Dataset entries:
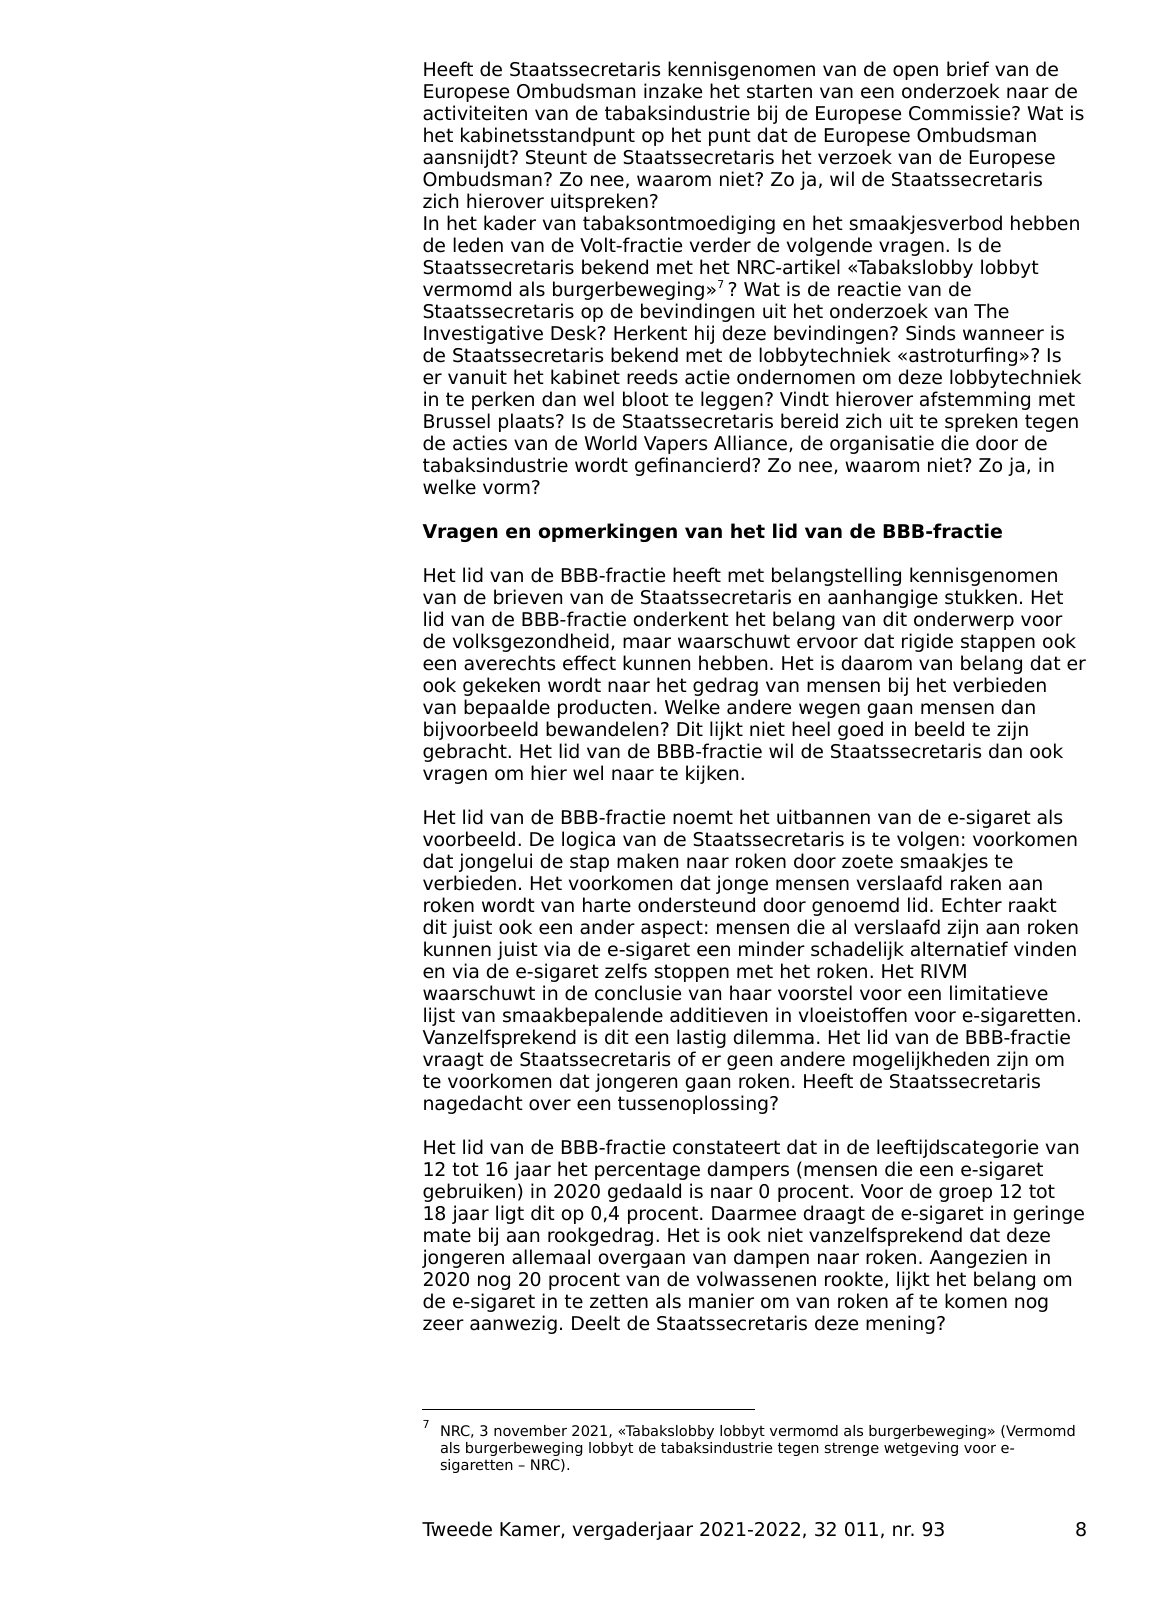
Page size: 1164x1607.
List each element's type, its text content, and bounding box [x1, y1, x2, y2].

text Het lid van de BBB-fractie noemt het uitbannen van de e-sigaret als voorbeeld. De logica van de Staatssecretaris is te volgen: voorkomen dat jongelui de stap maken naar roken door zoete smaakjes te verbieden. Het voorkomen dat jonge mensen verslaafd raken aan roken wordt van harte ondersteund door genoemd lid. Echter raakt dit juist ook een ander aspect: mensen die al verslaafd zijn aan roken kunnen juist via de e-sigaret een minder schadelijk alternatief vinden en via de e-sigaret zelfs stoppen met het roken. Het RIVM waarschuwt in de conclusie van haar voorstel voor een limitatieve lijst van smaakbepalende additieven in vloeistoffen voor e-sigaretten. Vanzelfsprekend is dit een lastig dilemma. Het lid van de BBB-fractie vraagt de Staatssecretaris of er geen andere mogelijkheden zijn om te voorkomen dat jongeren gaan roken. Heeft de Staatssecretaris nagedacht over een tussenoplossing? [422, 807, 1087, 1115]
text Heeft de Staatssecretaris kennisgenomen van de open brief van de Europese Ombudsman inzake het starten van een onderzoek naar de activiteiten van de tabaksindustrie bij de Europese Commissie? Wat is het kabinetsstandpunt op het punt dat de Europese Ombudsman aansnijdt? Steunt de Staatssecretaris het verzoek van de Europese Ombudsman? Zo nee, waarom niet? Zo ja, wil de Staatssecretaris zich hierover uitspreken? [422, 59, 1087, 213]
text Het lid van de BBB-fractie heeft met belangstelling kennisgenomen van de brieven van de Staatssecretaris en aanhangige stukken. Het lid van de BBB-fractie onderkent het belang van dit onderwerp voor de volksgezondheid, maar waarschuwt ervoor dat rigide stappen ook een averechts effect kunnen hebben. Het is daarom van belang dat er ook gekeken wordt naar het gedrag van mensen bij het verbieden van bepaalde producten. Welke andere wegen gaan mensen dan bijvoorbeeld bewandelen? Dit lijkt niet heel goed in beeld te zijn gebracht. Het lid van de BBB-fractie wil de Staatssecretaris dan ook vragen om hier wel naar te kijken. [422, 565, 1087, 785]
text NRC, 3 november 2021, «Tabakslobby lobbyt vermomd als burgerbeweging» (Vermomd als burgerbeweging lobbyt de tabaksindustrie tegen strenge wetgeving voor e-sigaretten – NRC). [422, 1418, 1087, 1474]
subtitle Vragen en opmerkingen van het lid van de BBB-fractie [422, 521, 1087, 543]
text In het kader van tabaksontmoediging en het smaakjesverbod hebben de leden van de Volt-fractie verder de volgende vragen. Is de Staatssecretaris bekend met het NRC-artikel «Tabakslobby lobbyt vermomd als burgerbeweging»? Wat is de reactie van de Staatssecretaris op de bevindingen uit het onderzoek van The Investigative Desk? Herkent hij deze bevindingen? Sinds wanneer is de Staatssecretaris bekend met de lobbytechniek «astroturfing»? Is er vanuit het kabinet reeds actie ondernomen om deze lobbytechniek in te perken dan wel bloot te leggen? Vindt hierover afstemming met Brussel plaats? Is de Staatssecretaris bereid zich uit te spreken tegen de acties van de World Vapers Alliance, de organisatie die door de tabaksindustrie wordt gefinancierd? Zo nee, waarom niet? Zo ja, in welke vorm? [422, 213, 1087, 499]
text Het lid van de BBB-fractie constateert dat in de leeftijdscategorie van 12 tot 16 jaar het percentage dampers (mensen die een e-sigaret gebruiken) in 2020 gedaald is naar 0 procent. Voor de groep 12 tot 18 jaar ligt dit op 0,4 procent. Daarmee draagt de e-sigaret in geringe mate bij aan rookgedrag. Het is ook niet vanzelfsprekend dat deze jongeren allemaal overgaan van dampen naar roken. Aangezien in 2020 nog 20 procent van de volwassenen rookte, lijkt het belang om de e-sigaret in te zetten als manier om van roken af te komen nog zeer aanwezig. Deelt de Staatssecretaris deze mening? [422, 1137, 1087, 1335]
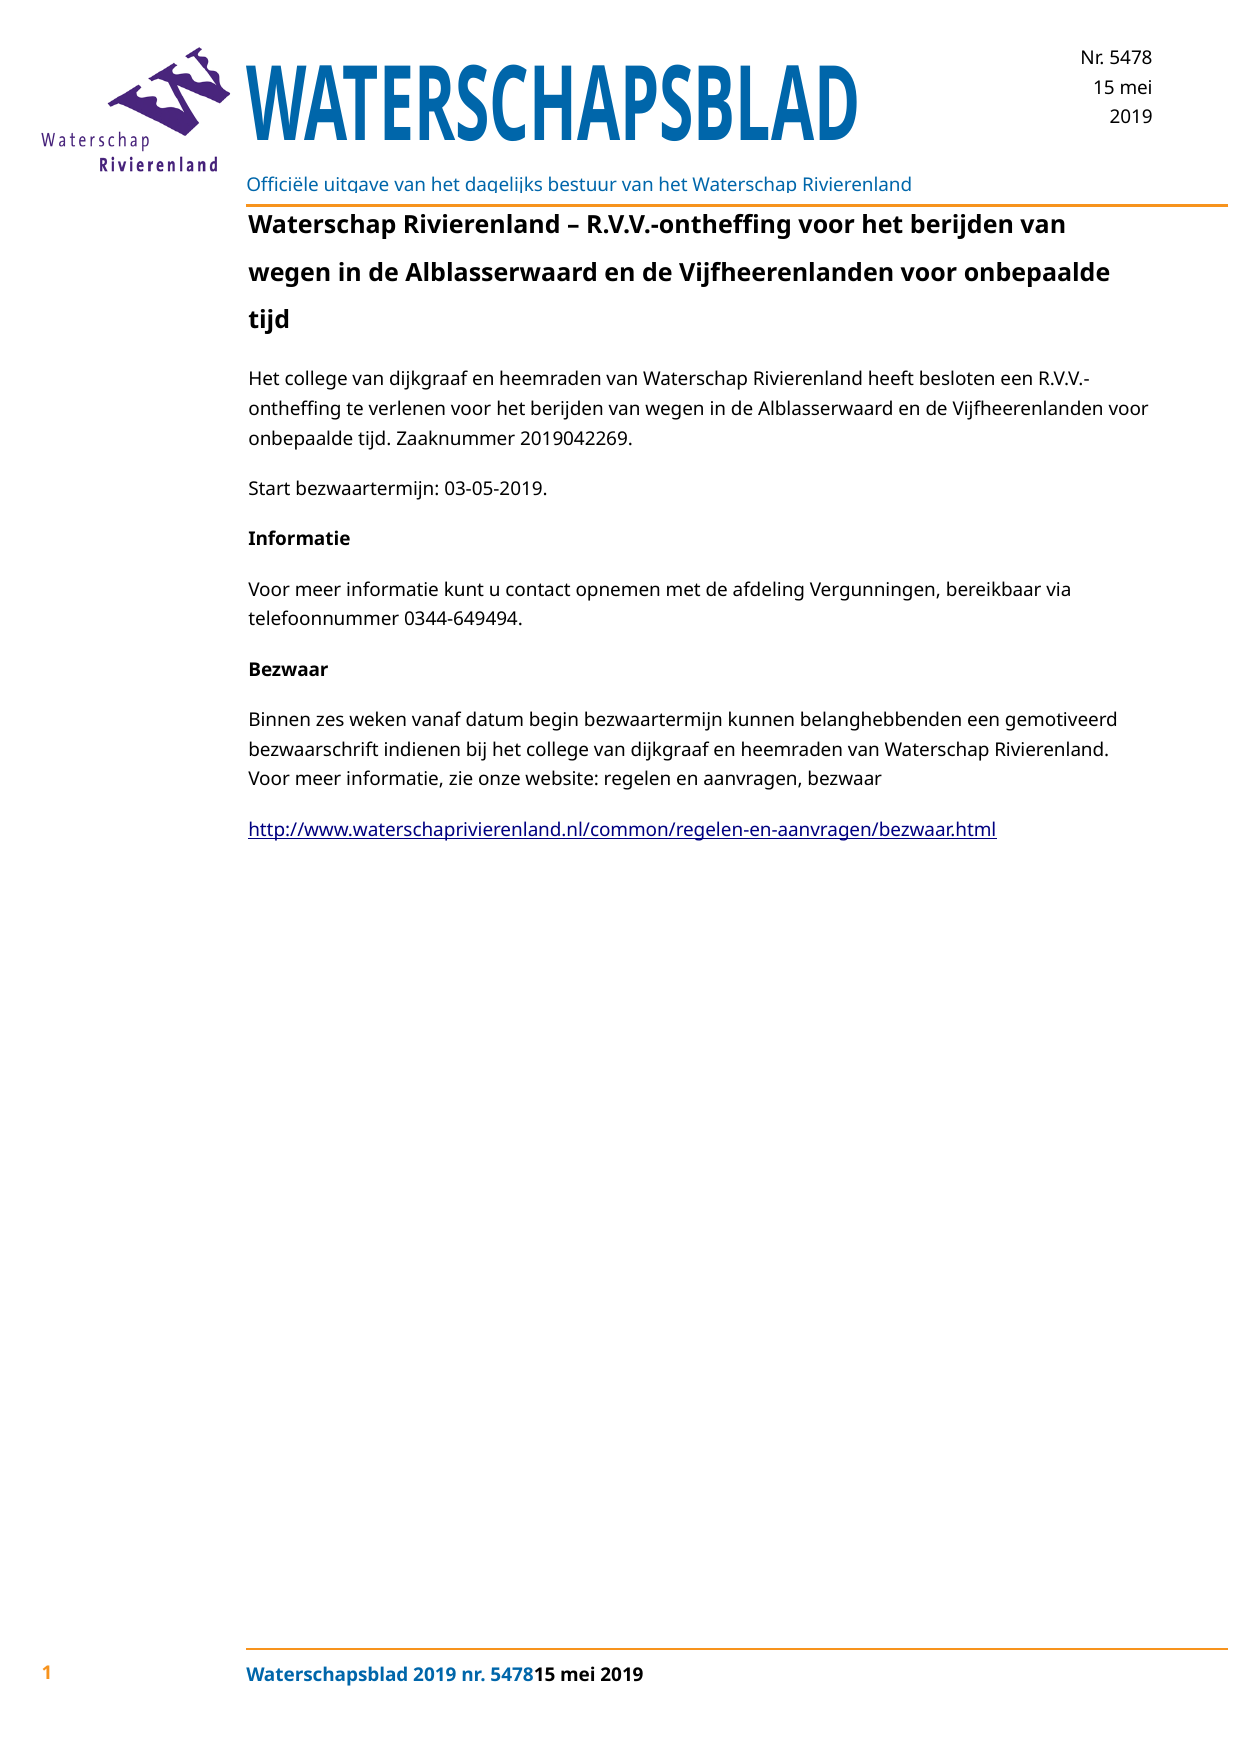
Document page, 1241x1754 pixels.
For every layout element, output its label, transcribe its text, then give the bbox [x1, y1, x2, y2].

text Het college van dijkgraaf en heemraden van Waterschap Rivierenland heeft besloten een R.V.V.-ontheffing te verlenen voor het berijden van wegen in de Alblasserwaard en de Vijfheerenlanden voor onbepaalde tijd. Zaaknummer 2019042269. [248, 366, 1152, 450]
text Informatie [248, 526, 1152, 551]
text Bezwaar [248, 656, 1152, 682]
text http://www.waterschaprivierenland.nl/common/regelen-en-aanvragen/bezwaar.html [248, 816, 1152, 842]
text Waterschap Rivierenland – R.V.V.-ontheffing voor het berijden van wegen in de Alblasserwaard en de Vijfheerenlanden voor onbepaalde tijd [248, 207, 1152, 336]
text Voor meer informatie kunt u contact opnemen met de afdeling Vergunningen, bereikbaar via telefoonnummer 0344-649494. [248, 576, 1152, 631]
text Start bezwaartermijn: 03-05-2019. [248, 475, 1152, 501]
picture [41, 47, 231, 172]
text Binnen zes weken vanaf datum begin bezwaartermijn kunnen belanghebbenden een gemotiveerd bezwaarschrift indienen bij het college van dijkgraaf en heemraden van Waterschap Rivierenland. Voor meer informatie, zie onze website: regelen en aanvragen, bezwaar [248, 706, 1152, 791]

* **WHAT TO DO**:
The expected output is an exact copy of the lines from the top of the data above through the line containing "text Het lid van de BBB-fractie noemt", both included, with every picture omitted.

* **PROBLEM SOLUTION**:
Page size: 1164x1607.
List each element's type, its text content, and bounding box [x1, y1, x2, y2].

text Het lid van de BBB-fractie noemt het uitbannen van de e-sigaret als voorbeeld. De logica van de Staatssecretaris is te volgen: voorkomen dat jongelui de stap maken naar roken door zoete smaakjes te verbieden. Het voorkomen dat jonge mensen verslaafd raken aan roken wordt van harte ondersteund door genoemd lid. Echter raakt dit juist ook een ander aspect: mensen die al verslaafd zijn aan roken kunnen juist via de e-sigaret een minder schadelijk alternatief vinden en via de e-sigaret zelfs stoppen met het roken. Het RIVM waarschuwt in de conclusie van haar voorstel voor een limitatieve lijst van smaakbepalende additieven in vloeistoffen voor e-sigaretten. Vanzelfsprekend is dit een lastig dilemma. Het lid van de BBB-fractie vraagt de Staatssecretaris of er geen andere mogelijkheden zijn om te voorkomen dat jongeren gaan roken. Heeft de Staatssecretaris nagedacht over een tussenoplossing? [422, 807, 1087, 1115]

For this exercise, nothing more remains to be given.